Moreover, he suggested, the latest industry data suggested that “a lot of the bigger Indian formulators are giving up on Europe now. It’s been talked about for so long. They’d rather focus on other geographies like the US or China for value added medicines. So I think there’s a big issue there.”
And value added medicines, he suggested, offered Europe “a massive of opportunity for domestic formulations – places like Barcelona, like northern Italy, like Germany, have some fantastic formulation specialists: give them a chance. It’s about growing home industry.”
Another topic that arose during Medicines for Europe’s annual conference this year was the need for developers to have a more meaningful dialogue with regulators and payers earlier in the development process. Asked if there was any optimism on this front, Burt said “I think there’s hope.”
“There’s certainly recognition that the European Medicines Agency and price bodies need to get involved at the clinical trial design stage. And I think I’m understanding scientific advice is sort of being conjoined with engagement with payers now. I think that’s all part of the package. So it’ll remain to be seen what comes out. But that’s certainly a stated aim.”
Sector Group Sets Out 2025 Priorities
“One of the things I’ve just done with the Medicines for Europe value added medicines sector group is agree the priorities for 2025,” Burt revealed. “We feel that we’re getting toward the end of the legislation activity. We want to be seeing more of the HTAs, particularly through national associations who are the experts for their market.”

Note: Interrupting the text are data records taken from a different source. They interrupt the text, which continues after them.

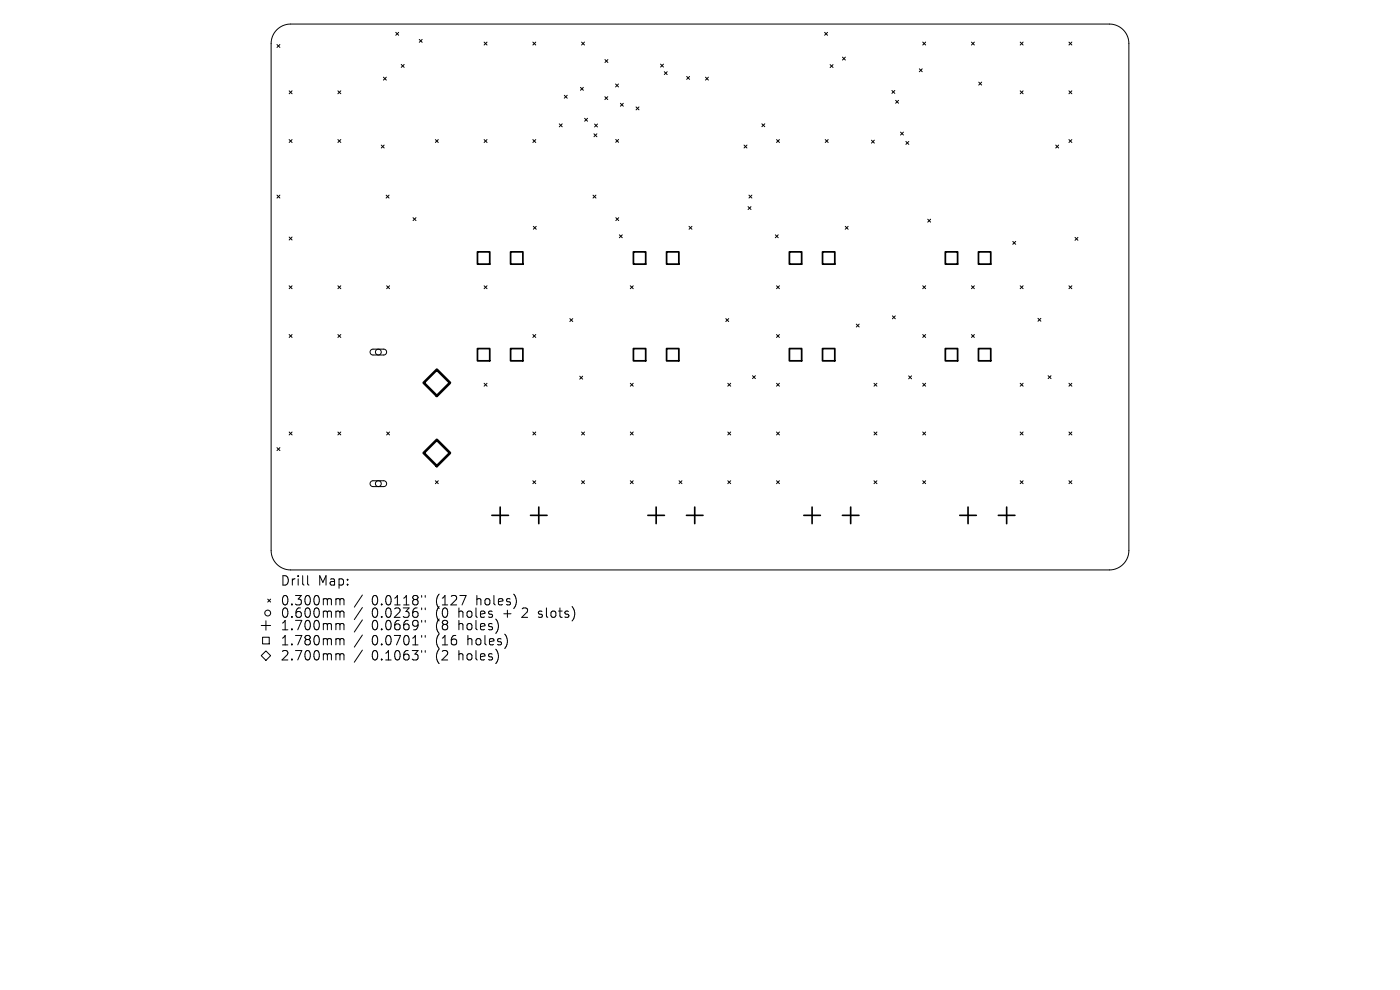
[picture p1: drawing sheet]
<svg xmlns="http://www.w3.org/2000/svg" width="297mm" height="210mm" viewBox="0 0 297 210" stroke-linecap="round" stroke-linejoin="round" font-family="sans-serif">
<defs><g id="words">
<g font-size="2.8">
<text x="59.4" y="124.5">Drill</text>
<text x="67.4" y="124.5">Map:</text>
<text x="59.4" y="128.7">0.300mm</text>
<text x="59.4" y="131.3">0.600mm</text>
<text x="78.9" y="128.7">0.0118&quot;</text>
<text x="78.9" y="131.3">0.0236&quot;</text>
<text x="92.6" y="128.7">(127</text>
<text x="92.6" y="131.3">(0</text>
<text x="97.5" y="131.3">holes</text>
<text x="101.4" y="128.7">holes)</text>
<text x="107.3" y="131.3">+</text>
<text x="111.5" y="131.3">2</text>
<text x="115.1" y="131.3">slots)</text>
<text x="59.4" y="134">1.700mm</text>
<text x="59.4" y="137.2">1.780mm</text>
<text x="78.9" y="134">0.0669&quot;</text>
<text x="78.9" y="137.2">0.0701&quot;</text>
<text x="92.6" y="134">(8</text>
<text x="92.6" y="137.2">(16</text>
<text x="97.5" y="134">holes)</text>
<text x="99.5" y="137.2">holes)</text>
<text x="59.4" y="140.4">2.700mm</text>
<text x="78.9" y="140.4">0.1063&quot;</text>
<text x="92.6" y="140.4">(2</text>
<text x="97.5" y="140.4">holes)</text>
</g>
</g></defs>
<g fill="none" stroke="#000" stroke-width=".21">
<path d="M58.7 6.3a4.1 4.1 0 0 1 3-1.2h173.6a4.1 4.1 0 0 1 4.2 4.1v107.6a4.1 4.1 0 0 1-4.2 4.1h-173.6a4.1 4.1 0 0 1-4.2-4.1v-107.6a4.1 4.1 0 0 1 1.2-2.9zM58.8 9.4l.6 .7M59.4 9.4l-.6 .7M61.3 19.3l.7 .6M62 19.3l-.7 .6M71.7 19.3l.6 .6M72.3 19.3l-.6 .6M81.3 16.4l.7 .6M82 16.4l-.7 .6M84 6.9l.6 .6M84.6 6.9l-.6 .6M85.1 13.7l.6 .6"/>
<path d="M85.7 13.7l-.6 .6M88.9 8.4l.7 .6M89.6 8.4l-.7 .6M102.7 8.9l.6 .6M103.3 8.9l-.6 .6M113 8.9l.7 .6M113.7 8.9l-.7 .6M123.1 18.5l.7 .7M123.4 8.9l.6 .6M123.8 18.5l-.7 .7M124 8.9l-.6 .6M128.3 12.6l.7 .7"/>
<path d="M129 12.6l-.7 .7M130.6 17.8l.6 .6M131.2 17.8l-.6 .6M140.1 13.6l.7 .6M140.8 13.6l-.7 .6M140.9 15.2l.6 .6M141.5 15.2l-.6 .6M145.7 16.2l.6 .6M146.3 16.2l-.6 .6M149.7 16.4l.6 .6M150.3 16.4l-.6 .6M174.9 6.9l.7 .6"/>
<path d="M175.6 6.9l-.7 .6M176.1 13.7l.6 .6M176.7 13.7l-.6 .6M178.7 12.1l.6 .6M179.3 12.1l-.6 .6M189.2 19.2l.6 .6M189.8 19.2l-.6 .6M195 14.6l.6 .6M195.6 14.6l-.6 .6M195.8 8.9l.6 .6M196.4 8.9l-.6 .6M206.1 8.9l.6 .6"/>
<path d="M206.7 8.9l-.6 .6M207.6 17.4l.7 .6M208.3 17.4l-.7 .6M216.4 8.9l.6 .6M216.4 19.3l.6 .6M217 8.9l-.6 .6M217 19.3l-.6 .6M226.8 19.3l.6 .6M226.8 8.9l.6 .6M227.4 8.9l-.6 .6M227.4 19.3l-.6 .6M61.3 29.6l.7 .6"/>
<path d="M62 29.6l-.7 .6M71.7 29.6l.6 .6M72.3 29.6l-.6 .6M80.9 30.8l.6 .6M81.5 30.8l-.6 .6M92.4 29.6l.6 .6M93 29.6l-.6 .6M102.7 29.6l.6 .6M103.3 29.6l-.6 .6M113 29.6l.7 .6M113.7 29.6l-.7 .6M118.6 26.3l.7 .6"/>
<path d="M119.3 26.3l-.7 .6M119.7 20.2l.6 .6M120.3 20.2l-.6 .6M124 25.1l.6 .6M124.6 25.1l-.6 .6M126 28.4l.6 .6M126.1 26.3l.7 .6M126.6 28.4l-.6 .6M126.8 26.3l-.7 .6M128.3 20.5l.6 .6M128.9 20.5l-.6 .6M130.6 29.6l.6 .6"/>
<path d="M131.2 29.6l-.6 .6M131.6 21.9l.6 .6M132.2 21.9l-.6 .6M134.9 22.7l.7 .6M135.6 22.7l-.7 .6M157.8 30.8l.7 .6M158.5 30.8l-.7 .6M161.6 26.3l.6 .6M162.2 26.3l-.6 .6M164.7 29.6l.7 .6M165.4 29.6l-.7 .6M175.1 29.6l.6 .6"/>
<path d="M175.7 29.6l-.6 .6M184.9 29.7l.6 .7M185.5 29.7l-.6 .7M190 21.3l.6 .6M190.6 21.3l-.6 .6M191 28l.7 .6M191.7 28l-.7 .6M192.2 30l.6 .6M192.8 30l-.6 .6M224 30.8l.6 .6M224.6 30.8l-.6 .6M226.8 29.6l.6 .6"/>
<path d="M227.4 29.6l-.6 .6M58.8 41.4l.6 .6M59.4 41.4l-.6 .6M61.3 50.3l.7 .6M62 50.3l-.7 .6M81.9 41.4l.6 .6M82.5 41.4l-.6 .6M87.6 46.2l.6 .6M88.2 46.2l-.6 .6M113.1 48l.7 .6M113.8 48l-.7 .6M125.8 41.4l.6 .6"/>
<path d="M126.4 41.4l-.6 .6M130.6 46.2l.7 .6M131.3 46.2l-.7 .6M131.4 49.8l.6 .6M132 49.8l-.6 .6M146.2 48l.6 .6M146.8 48l-.6 .6M158.7 43.8l.6 .6M158.9 41.4l.6 .6M159.3 43.8l-.6 .6M159.5 41.4l-.6 .6M164.5 49.8l.6 .6"/>
<path d="M165.1 49.8l-.6 .6M179.3 48l.6 .6M179.9 48l-.6 .6M196.8 46.5l.6 .6M197.4 46.5l-.6 .6M214.9 51.2l.6 .6M215.5 51.2l-.6 .6M228.1 50.4l.6 .6M228.7 50.4l-.6 .6M61.3 60.6l.7 .6M61.3 71l.7 .6M62 60.6l-.7 .6"/>
<path d="M62 71l-.7 .6M71.7 60.6l.6 .6M71.7 71l.6 .6M72.3 60.6l-.6 .6M72.3 71l-.6 .6M79.1 74.1h2.3M79.1 74.1l-.3 .1-.3 .3 .1 .4 .2 .3 2.6 .1 .4-.2 .2-.4-.2-.5-.4-.1M82 60.6l.6 .6M82.6 60.6l-.6 .6M102.7 60.6l.6 .6M103.3 60.6l-.6 .6M113 71l.7 .6"/>
<path d="M113.7 71l-.7 .6M120.9 67.6l.6 .6M121.5 67.6l-.6 .6M123 79.8l.6 .6M123.6 79.8l-.6 .6M133.7 60.6l.6 .6M134.3 60.6l-.6 .6M154 67.6l.6 .6M154.6 67.6l-.6 .6M159.6 79.7l.7 .6M160.3 79.7l-.7 .6M164.7 60.6l.7 .6"/>
<path d="M164.7 71l.7 .6M165.4 60.6l-.7 .6M165.4 71l-.7 .6M181.7 68.7l.6 .7M182.3 68.7l-.6 .7M189.3 67l.6 .6M189.9 67l-.6 .6M192.8 79.7l.6 .7M193.4 79.7l-.6 .7M195.8 60.6l.6 .6M195.8 71l.6 .6M196.4 60.6l-.6 .6"/>
<path d="M196.4 71l-.6 .6M206.1 60.6l.6 .6M206.1 71l.6 .6M206.7 60.6l-.6 .6M206.7 71l-.6 .6M216.4 60.6l.6 .6M217 60.6l-.6 .6M220.2 67.5l.6 .6M220.8 67.5l-.6 .6M222.4 79.7l.6 .6M223 79.7l-.6 .6M226.8 60.6l.6 .6"/>
<path d="M227.4 60.6l-.6 .6M58.8 95l.6 .6M59.4 95l-.6 .6M61.3 91.6l.7 .7M62 91.6l-.7 .7M71.7 91.6l.6 .7M72.3 91.6l-.6 .7M82 91.6l.6 .7M82.6 91.6l-.6 .7M102.7 81.3l.6 .6M103.3 81.3l-.6 .6M113 91.6l.7 .7"/>
<path d="M113.7 91.6l-.7 .7M123.4 91.6l.6 .7M124 91.6l-.6 .7M133.7 81.3l.6 .6M133.7 91.6l.6 .7M134.3 81.3l-.6 .6M134.3 91.6l-.6 .7M154.4 81.3l.6 .6M154.4 91.6l.6 .7M155 81.3l-.6 .6M155 91.6l-.6 .7M164.7 91.6l.7 .7"/>
<path d="M164.7 81.3l.7 .6M165.4 81.3l-.7 .6M165.4 91.6l-.7 .7M185.4 81.3l.6 .6M185.4 91.6l.6 .7M186 81.3l-.6 .6M186 91.6l-.6 .7M195.8 91.6l.6 .7M195.8 81.3l.6 .6M196.4 81.3l-.6 .6M196.4 91.6l-.6 .7M216.4 81.3l.6 .6"/>
<path d="M216.4 91.6l.6 .7M217 81.3l-.6 .6M217 91.6l-.6 .7M226.8 81.3l.6 .6M226.8 91.6l.6 .7M227.4 81.3l-.6 .6M227.4 91.6l-.6 .7M78.7 102.2l.4-.2h2.4l.4 .2 .1 .5-.2 .3-.3 .2h-2.5l-.5-.4zM92.4 102l.6 .6M93 102l-.6 .6M113 102l.7 .6M113.7 102l-.7 .6"/>
<path d="M123.4 102l.6 .6M124 102l-.6 .6M133.7 102l.6 .6M134.3 102l-.6 .6M144.1 102l.6 .6M144.7 102l-.6 .6M154.4 102l.6 .6M155 102l-.6 .6M164.7 102l.7 .6M165.4 102l-.7 .6M185.4 102l.6 .6M186 102l-.6 .6"/>
<path d="M195.8 102l.6 .6M196.4 102l-.6 .6M216.4 102l.6 .6M217 102l-.6 .6M226.8 102l.6 .6M227.4 102l-.6 .6M55.4 139.1l1-1 1 1-1 1zM55.4 132.7h2M55.7 135.2h1.4v1.4h-1.4zM56.4 131.7v2M56.8 127.1l.6 .6M57.4 127.1l-.6 .6"/>
<path d="M65.3 122.1v1.7l.2 .3M71.5 127l.5 .1 .1 .2M71.5 129.6h.3l.3 .3M71.5 132.3h.3l.3 .3M71.5 135.5h.3l.3 .3M71.5 138.7l.5 .1 .1 .2M72.1 127.3l.3-.3 .5 .1 .1 1.2M72.1 127.3v1M72.1 129.9v1.1M72.1 132.6v1M72.1 135.8v1M72.1 139v1"/>
<path d="M72.1 129.9l.3-.3 .5 .1 .1 1.3M72.1 132.6l.3-.3 .5 .1 .1 1.2M72.1 135.8l.3-.3 .5 .1 .1 1.2M72.1 139l.3-.3 .5 .1 .1 1.2M76.9 126.2l-1.7 2.6M76.9 128.9l-1.7 2.5M76.9 131.5l-1.7 2.6M76.9 134.7l-1.7 2.6M76.9 137.9l-1.7 2.6M89.5 126.3v.4M89.5 129v.3M89.5 131.6v.4"/>
<path d="M89.5 134.8v.4M89.5 138v.4M90.2 126.3v.4M90.2 129v.3M90.2 131.6v.4M90.2 134.8v.4M90.2 138v.4M114.2 130.9l.2 .1M114.3 129.7v.5"/>
<circle cx="80.3" cy="74.7" r=".62"/>
<circle cx="80.3" cy="102.6" r=".62"/>
<circle cx="56.8" cy="130" r=".62"/>
</g>
<g fill="none" stroke="#000" stroke-width=".35">
<path d="M104.4 109.3h3.5M106.1 107.6v3.5M112.5 109.3h3.6M114.3 107.6v3.5M137.4 109.3h3.6M139.2 107.6v3.5M145.6 109.3h3.5M147.4 107.6v3.5M170.5 109.3h3.5M172.3 107.6v3.5M178.7 109.3h3.5M180.5 107.6v3.5"/>
<path d="M203.6 109.3h3.5M205.4 107.6v3.5M211.8 109.3h3.5M213.6 107.6v3.5"/>
</g>
<g fill="none" stroke="#000" stroke-width=".37">
<path d="M101.3 53.4h2.6v2.6h-2.6zM108.3 53.4h2.6v2.6h-2.6zM134.4 53.4h2.6v2.6h-2.6zM141.4 53.4h2.6v2.6h-2.6zM167.5 53.4h2.6v2.6h-2.6zM174.5 53.4h2.6v2.6h-2.6zM200.5 53.4h2.7v2.6h-2.7zM207.6 53.4h2.6v2.6h-2.6zM101.3 73.9h2.6v2.6h-2.6zM108.3 73.9h2.6v2.6h-2.6zM134.4 73.9h2.6v2.6h-2.6zM141.4 73.9h2.6v2.6h-2.6z"/>
<path d="M167.5 73.9h2.6v2.6h-2.6zM174.5 73.9h2.6v2.6h-2.6zM200.5 73.9h2.7v2.6h-2.7zM207.6 73.9h2.6v2.6h-2.6z"/>
</g>
<path d="M92.7 78.4l2.8 2.8-2.8 2.8-2.8-2.8zM92.7 93.3l2.8 2.8-2.8 2.8-2.8-2.8z" fill="none" stroke="#000" stroke-width=".56"/>
<use href="#words"/>
</svg>

And “what you can see at a local level is different archetypes,” he said. This included “some quite visionary HTA bodies, particularly in the Nordics and places like that, which are prepared to look at these types of products, look at the full impact to healthcare systems and use that to inform a health economic case.” Meanwhile, he said, a new package of laws coming through in Spain also held promise for value added medicines.
However, conversely “other recalcitrant markets are just purely concerned about cost of drug budget, not patient output or in the round. And I think they’re the ones we need to go and talk to say, look, you’re missing a trick. You’re not looking at how you can help your health system, how you can help your patients – and how you can actually, in the round, help your cost, but not myopically just focusing on one thing, price.”
“I fully expect that there’s going to be thought leaders and recalcitrants, and it is a bit of a game of divide and conquer,” Burt acknowledged. “We’re not trying to change everywhere. Price is a national competence obviously. But what we do want is a proper dialogue so people can understand, through the national associations. And we’re building up a resource bank to help with those dialogues.”
“I want to be involved in some discussions to really try and illustrate what we’re talking about,” he indicated. “I think quite often pricing and reimbursement bodies just get freaked out and think they’re going to be disadvantaged. But when you actually look at the cases, quite often it’s the opposite. And I want to have a forum where we can get that across.”